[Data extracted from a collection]
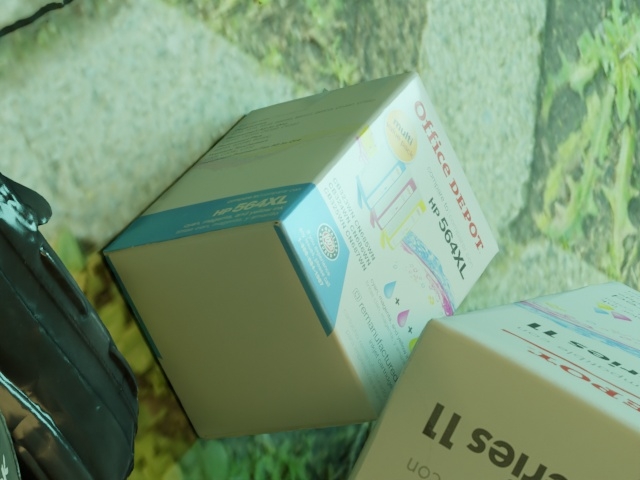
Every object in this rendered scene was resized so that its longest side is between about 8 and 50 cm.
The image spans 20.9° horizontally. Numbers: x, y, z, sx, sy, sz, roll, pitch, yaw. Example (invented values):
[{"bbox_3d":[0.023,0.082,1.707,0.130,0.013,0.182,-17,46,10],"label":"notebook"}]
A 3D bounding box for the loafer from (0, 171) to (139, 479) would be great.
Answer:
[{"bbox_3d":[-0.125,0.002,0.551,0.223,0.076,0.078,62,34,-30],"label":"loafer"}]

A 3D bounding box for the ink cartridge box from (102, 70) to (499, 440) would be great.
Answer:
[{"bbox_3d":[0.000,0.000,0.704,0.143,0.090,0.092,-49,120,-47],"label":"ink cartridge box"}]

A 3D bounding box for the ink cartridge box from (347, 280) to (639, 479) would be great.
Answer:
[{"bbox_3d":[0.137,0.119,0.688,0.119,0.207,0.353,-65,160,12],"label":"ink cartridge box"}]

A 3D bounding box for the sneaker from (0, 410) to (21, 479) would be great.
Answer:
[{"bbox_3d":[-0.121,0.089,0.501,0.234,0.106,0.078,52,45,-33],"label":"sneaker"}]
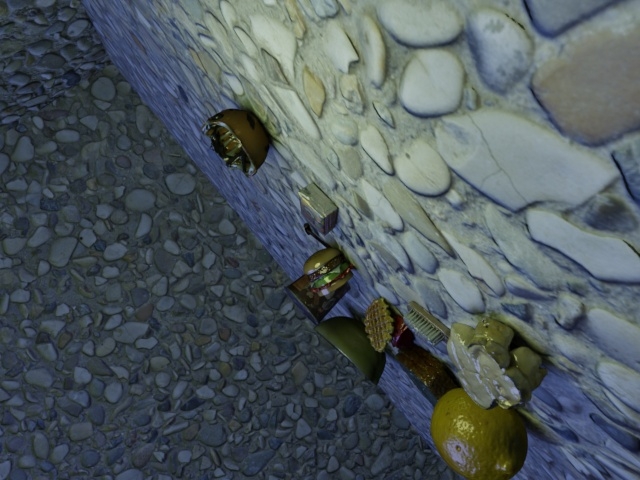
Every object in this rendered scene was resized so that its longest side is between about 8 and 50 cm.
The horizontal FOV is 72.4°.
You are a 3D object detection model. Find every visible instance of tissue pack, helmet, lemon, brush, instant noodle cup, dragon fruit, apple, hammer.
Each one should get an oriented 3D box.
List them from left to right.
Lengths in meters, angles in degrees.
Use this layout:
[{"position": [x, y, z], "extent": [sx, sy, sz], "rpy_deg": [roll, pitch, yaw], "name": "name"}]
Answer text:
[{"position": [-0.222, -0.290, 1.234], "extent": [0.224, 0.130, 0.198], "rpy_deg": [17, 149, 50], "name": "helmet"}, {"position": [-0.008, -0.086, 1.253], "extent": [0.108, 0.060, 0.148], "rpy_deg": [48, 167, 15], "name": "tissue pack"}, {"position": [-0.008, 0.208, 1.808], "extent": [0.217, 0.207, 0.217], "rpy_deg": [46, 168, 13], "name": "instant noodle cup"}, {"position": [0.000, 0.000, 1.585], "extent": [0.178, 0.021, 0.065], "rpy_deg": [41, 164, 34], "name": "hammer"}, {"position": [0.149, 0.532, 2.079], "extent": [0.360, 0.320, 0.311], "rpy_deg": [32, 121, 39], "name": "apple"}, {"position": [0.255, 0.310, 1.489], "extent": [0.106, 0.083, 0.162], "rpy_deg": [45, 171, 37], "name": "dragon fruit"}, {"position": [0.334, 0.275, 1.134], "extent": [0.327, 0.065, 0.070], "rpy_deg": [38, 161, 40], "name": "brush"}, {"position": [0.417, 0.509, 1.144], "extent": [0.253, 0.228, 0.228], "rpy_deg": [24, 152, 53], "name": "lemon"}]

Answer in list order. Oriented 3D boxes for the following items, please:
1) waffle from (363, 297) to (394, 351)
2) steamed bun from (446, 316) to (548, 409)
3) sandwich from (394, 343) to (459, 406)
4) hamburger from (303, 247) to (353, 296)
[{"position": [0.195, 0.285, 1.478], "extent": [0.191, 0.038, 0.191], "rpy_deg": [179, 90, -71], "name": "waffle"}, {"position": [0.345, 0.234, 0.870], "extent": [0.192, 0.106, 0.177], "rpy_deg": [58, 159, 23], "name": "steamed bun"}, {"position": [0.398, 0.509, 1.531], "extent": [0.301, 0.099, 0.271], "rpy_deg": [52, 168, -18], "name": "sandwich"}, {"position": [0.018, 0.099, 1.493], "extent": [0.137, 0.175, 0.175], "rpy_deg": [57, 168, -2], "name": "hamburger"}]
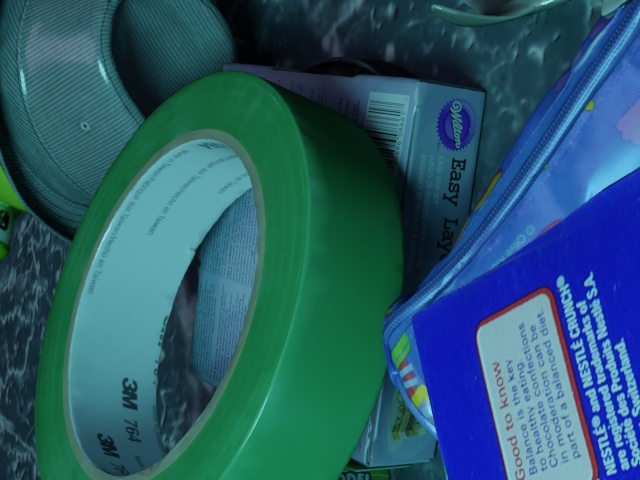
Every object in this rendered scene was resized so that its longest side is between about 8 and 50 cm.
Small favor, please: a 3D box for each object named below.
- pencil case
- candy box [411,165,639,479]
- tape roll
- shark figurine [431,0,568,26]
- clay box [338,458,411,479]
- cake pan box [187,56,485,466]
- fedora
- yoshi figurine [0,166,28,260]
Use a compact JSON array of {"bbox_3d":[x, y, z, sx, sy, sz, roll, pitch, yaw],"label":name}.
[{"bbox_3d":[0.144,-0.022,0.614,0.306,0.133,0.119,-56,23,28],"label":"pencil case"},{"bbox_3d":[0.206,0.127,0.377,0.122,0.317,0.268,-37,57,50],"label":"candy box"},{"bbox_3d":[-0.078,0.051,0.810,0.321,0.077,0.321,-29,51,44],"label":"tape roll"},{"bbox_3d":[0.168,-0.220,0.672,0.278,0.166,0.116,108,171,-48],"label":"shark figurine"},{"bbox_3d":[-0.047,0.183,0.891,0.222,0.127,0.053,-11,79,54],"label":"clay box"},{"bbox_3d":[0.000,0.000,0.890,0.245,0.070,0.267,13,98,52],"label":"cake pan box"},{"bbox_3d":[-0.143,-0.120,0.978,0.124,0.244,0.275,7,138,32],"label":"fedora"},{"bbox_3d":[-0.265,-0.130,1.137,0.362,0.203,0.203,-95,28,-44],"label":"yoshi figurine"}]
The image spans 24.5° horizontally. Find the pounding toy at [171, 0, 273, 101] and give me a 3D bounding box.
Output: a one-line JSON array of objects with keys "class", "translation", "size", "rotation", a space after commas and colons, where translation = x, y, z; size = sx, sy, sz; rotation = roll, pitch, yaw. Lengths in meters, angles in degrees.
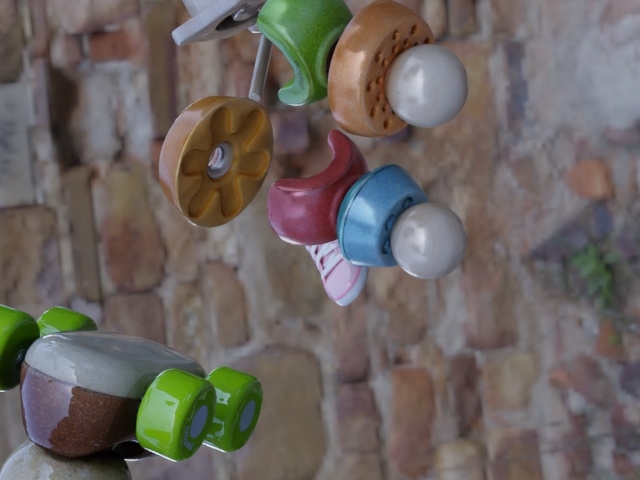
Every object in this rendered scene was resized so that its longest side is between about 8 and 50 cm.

--

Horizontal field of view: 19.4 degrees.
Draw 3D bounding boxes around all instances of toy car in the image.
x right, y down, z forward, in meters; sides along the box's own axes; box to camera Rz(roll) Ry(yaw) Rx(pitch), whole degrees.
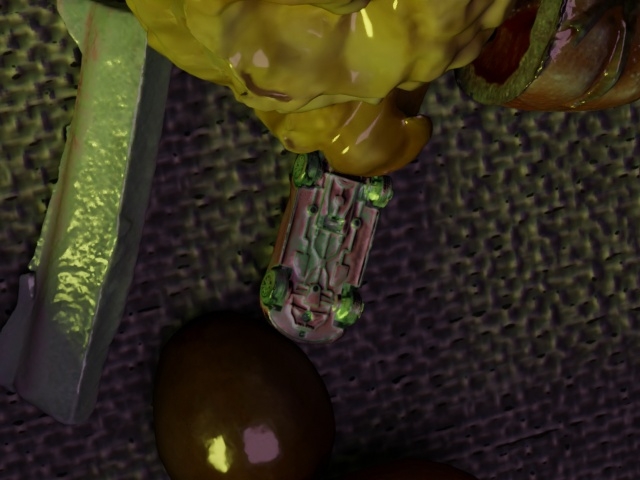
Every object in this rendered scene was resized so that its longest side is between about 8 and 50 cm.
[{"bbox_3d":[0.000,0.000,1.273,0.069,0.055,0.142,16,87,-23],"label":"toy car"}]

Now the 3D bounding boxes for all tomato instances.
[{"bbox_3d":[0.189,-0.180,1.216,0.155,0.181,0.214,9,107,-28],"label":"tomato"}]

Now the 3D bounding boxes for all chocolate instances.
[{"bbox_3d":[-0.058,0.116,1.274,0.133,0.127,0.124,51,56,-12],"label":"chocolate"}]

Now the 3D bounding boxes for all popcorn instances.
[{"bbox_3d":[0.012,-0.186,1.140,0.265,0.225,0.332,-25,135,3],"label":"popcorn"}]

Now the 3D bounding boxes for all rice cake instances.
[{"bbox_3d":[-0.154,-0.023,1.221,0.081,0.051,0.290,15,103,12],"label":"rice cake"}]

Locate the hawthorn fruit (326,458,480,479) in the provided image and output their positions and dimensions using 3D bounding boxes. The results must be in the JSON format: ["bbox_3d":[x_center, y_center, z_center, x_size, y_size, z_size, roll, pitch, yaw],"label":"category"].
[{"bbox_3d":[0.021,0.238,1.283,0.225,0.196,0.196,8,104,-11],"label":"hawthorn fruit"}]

==

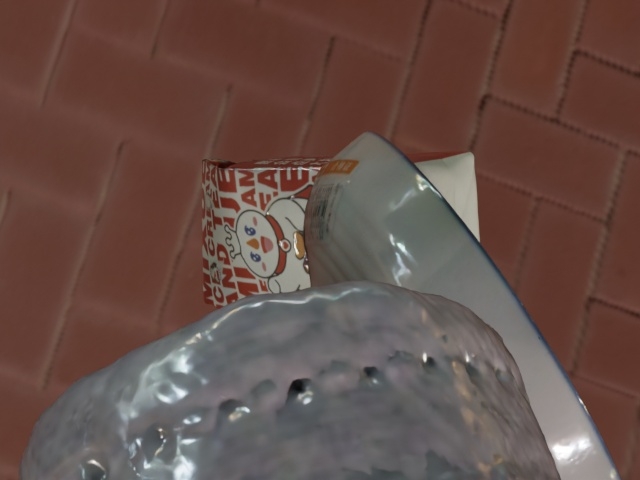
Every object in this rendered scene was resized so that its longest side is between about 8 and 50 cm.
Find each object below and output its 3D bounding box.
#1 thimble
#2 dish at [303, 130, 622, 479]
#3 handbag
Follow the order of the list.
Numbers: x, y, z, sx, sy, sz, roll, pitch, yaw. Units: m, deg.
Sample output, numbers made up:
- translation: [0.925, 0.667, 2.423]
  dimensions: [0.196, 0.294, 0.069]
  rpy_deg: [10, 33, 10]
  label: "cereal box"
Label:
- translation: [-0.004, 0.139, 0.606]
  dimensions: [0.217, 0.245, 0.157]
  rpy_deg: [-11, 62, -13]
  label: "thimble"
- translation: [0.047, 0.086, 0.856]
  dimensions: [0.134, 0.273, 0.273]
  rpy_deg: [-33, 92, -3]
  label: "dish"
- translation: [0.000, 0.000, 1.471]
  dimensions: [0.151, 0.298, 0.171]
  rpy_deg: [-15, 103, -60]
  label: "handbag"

AIM OF THE EXERCISE —
If a line of the data contains "meters", copy it out.

FINAL ANSWER —
Lengths in meters, angles in degrees.
Output: a one-line JSON array of objects with keys "class", "translation", "size", "rotation", a space after commas and colons, where translation = x, y, z; size = sx, sy, sz; rotation = roll, pitch, yaw. Lengths in meters, angles in degrees.
x right, y down, z forward, in meters; sides along the box's own axes; box to camera Rz(roll) Ry(yaw) Rx(pitch), whole degrees.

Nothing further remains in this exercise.